### Required work:
Could you copy each line of the listing that holds "angles"?

### Supplied material:
========
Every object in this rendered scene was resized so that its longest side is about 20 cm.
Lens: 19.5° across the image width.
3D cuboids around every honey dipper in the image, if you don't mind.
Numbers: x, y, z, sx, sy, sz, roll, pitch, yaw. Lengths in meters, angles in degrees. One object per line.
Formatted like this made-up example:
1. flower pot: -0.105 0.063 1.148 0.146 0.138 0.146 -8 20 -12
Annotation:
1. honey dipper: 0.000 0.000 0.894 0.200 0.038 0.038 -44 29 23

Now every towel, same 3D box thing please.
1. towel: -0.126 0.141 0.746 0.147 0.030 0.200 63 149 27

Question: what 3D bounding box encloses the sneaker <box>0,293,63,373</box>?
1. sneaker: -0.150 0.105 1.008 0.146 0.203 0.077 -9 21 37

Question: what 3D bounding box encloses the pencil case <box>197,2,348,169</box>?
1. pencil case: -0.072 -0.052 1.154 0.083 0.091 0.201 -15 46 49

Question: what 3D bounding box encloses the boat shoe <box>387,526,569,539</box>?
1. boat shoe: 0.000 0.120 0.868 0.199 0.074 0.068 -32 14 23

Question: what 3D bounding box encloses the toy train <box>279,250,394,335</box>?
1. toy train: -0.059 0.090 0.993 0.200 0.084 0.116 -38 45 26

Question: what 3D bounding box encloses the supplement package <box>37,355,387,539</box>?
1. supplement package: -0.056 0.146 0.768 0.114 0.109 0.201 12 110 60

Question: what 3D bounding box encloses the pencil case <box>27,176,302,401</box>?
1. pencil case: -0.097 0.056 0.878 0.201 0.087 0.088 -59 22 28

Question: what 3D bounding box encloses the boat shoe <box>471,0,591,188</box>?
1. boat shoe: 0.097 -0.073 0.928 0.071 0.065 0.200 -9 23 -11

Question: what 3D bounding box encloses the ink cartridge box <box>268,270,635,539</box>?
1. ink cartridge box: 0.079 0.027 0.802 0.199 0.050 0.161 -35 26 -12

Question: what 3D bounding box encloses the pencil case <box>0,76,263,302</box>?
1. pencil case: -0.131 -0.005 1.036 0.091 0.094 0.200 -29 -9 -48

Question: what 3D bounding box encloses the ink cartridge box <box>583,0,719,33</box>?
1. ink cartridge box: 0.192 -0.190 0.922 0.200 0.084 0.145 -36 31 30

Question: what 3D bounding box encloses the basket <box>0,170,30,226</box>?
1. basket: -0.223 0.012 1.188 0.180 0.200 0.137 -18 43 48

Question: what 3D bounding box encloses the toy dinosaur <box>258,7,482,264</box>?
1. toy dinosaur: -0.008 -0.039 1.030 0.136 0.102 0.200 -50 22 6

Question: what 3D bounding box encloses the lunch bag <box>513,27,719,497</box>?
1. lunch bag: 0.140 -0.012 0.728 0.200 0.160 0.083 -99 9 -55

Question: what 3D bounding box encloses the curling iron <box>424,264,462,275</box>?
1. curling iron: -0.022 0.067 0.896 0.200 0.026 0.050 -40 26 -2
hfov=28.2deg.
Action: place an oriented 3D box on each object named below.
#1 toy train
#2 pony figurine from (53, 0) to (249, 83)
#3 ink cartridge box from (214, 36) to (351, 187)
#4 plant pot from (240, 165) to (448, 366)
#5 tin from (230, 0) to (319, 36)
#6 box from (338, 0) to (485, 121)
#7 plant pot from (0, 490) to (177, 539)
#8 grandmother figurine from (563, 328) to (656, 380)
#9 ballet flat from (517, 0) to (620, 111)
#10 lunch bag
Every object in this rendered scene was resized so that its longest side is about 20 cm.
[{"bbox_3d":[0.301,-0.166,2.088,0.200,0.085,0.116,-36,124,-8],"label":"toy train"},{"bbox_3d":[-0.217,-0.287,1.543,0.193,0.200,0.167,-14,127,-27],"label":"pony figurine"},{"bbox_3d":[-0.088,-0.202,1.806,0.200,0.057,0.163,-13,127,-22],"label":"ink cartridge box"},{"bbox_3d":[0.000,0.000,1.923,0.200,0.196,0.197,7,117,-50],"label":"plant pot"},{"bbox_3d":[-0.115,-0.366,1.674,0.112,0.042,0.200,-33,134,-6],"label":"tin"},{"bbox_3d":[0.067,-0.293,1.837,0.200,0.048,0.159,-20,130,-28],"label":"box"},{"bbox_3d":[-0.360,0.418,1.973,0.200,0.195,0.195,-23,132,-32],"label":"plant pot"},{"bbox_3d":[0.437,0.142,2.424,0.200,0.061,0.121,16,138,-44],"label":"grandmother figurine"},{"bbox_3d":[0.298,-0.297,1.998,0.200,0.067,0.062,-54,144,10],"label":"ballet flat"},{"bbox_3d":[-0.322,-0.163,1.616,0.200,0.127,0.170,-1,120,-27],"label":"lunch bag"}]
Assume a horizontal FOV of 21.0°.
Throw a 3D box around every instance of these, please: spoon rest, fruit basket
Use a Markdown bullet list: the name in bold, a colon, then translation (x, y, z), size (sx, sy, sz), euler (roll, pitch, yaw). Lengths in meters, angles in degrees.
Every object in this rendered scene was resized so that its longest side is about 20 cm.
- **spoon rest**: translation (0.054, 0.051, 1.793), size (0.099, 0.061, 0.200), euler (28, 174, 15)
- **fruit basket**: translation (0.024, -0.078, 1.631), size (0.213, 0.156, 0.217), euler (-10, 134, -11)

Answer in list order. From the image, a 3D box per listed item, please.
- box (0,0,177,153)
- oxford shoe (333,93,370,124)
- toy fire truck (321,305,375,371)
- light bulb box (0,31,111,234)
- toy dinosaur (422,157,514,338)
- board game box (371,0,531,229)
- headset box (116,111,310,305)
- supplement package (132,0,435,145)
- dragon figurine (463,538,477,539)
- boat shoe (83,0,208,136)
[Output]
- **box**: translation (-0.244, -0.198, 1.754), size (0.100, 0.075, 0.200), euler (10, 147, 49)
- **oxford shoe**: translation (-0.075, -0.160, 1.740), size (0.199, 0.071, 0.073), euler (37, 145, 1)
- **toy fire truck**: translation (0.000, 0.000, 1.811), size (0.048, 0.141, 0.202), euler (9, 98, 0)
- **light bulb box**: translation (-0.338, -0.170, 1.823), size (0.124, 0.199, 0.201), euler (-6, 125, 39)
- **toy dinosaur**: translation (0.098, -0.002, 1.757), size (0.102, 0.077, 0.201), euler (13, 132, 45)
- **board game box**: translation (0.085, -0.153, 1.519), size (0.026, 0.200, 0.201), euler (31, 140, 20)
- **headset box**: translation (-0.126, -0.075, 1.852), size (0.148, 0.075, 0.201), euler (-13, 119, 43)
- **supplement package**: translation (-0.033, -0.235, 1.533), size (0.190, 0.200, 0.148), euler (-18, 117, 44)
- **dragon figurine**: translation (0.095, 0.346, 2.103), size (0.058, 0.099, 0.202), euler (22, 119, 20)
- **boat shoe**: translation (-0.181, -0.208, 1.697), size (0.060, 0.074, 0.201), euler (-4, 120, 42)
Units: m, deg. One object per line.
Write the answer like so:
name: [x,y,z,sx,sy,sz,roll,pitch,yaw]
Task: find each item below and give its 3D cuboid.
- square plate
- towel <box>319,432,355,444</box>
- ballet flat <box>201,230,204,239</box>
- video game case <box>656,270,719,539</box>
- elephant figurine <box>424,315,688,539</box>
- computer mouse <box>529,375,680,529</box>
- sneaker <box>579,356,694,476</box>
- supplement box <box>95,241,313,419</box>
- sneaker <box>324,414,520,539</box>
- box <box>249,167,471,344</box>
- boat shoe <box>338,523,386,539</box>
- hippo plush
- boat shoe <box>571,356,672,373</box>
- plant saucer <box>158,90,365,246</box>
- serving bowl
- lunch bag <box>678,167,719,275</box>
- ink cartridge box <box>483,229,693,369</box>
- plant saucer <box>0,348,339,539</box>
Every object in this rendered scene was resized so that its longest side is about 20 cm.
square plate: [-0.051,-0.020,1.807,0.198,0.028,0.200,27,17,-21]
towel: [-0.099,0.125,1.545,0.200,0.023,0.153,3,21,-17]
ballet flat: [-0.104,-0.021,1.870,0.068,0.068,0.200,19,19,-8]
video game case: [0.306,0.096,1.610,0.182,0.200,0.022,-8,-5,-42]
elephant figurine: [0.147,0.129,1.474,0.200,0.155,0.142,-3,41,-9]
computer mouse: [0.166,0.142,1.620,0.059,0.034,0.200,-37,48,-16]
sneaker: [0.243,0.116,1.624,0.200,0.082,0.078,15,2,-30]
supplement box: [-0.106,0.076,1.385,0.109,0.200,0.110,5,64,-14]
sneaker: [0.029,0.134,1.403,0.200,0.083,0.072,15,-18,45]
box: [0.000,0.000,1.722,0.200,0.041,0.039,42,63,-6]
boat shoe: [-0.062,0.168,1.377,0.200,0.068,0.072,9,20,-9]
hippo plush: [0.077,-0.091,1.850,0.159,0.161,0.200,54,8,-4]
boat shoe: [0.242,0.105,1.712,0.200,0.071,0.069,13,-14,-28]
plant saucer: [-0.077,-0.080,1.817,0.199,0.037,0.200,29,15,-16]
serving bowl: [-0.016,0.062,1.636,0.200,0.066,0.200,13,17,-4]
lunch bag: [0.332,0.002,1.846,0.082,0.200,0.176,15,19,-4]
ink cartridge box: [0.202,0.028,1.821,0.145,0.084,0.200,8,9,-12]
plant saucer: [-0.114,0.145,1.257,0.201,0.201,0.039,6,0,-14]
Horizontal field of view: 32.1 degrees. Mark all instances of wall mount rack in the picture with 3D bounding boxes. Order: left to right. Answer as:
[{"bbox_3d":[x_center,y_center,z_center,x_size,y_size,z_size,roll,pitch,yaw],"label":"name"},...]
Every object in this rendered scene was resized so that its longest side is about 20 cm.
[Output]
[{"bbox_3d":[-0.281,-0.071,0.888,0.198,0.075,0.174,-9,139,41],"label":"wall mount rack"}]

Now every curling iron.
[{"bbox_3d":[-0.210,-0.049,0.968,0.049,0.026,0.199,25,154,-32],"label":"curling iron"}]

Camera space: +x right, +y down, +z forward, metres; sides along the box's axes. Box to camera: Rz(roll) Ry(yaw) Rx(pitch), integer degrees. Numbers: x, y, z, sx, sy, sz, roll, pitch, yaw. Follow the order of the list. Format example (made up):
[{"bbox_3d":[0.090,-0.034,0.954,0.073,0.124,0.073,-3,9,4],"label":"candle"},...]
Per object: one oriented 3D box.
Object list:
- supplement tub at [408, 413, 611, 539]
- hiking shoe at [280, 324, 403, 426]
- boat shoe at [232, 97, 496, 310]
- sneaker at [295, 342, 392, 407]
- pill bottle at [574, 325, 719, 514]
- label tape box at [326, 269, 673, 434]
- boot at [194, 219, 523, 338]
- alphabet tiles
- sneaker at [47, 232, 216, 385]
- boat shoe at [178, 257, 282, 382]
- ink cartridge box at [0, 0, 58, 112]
========
### Response to the exercise:
Numbers: x, y, z, sx, sy, sz, roll, pitch, yaw. Lengths in meters, angles in degrees. One object per line.
Use a Markdown bullet list: the name in bold, a colon, then translation (x, y, z), size (sx, sy, sz), euler (roll, pitch, yaw). Lengths in meters, angles in degrees.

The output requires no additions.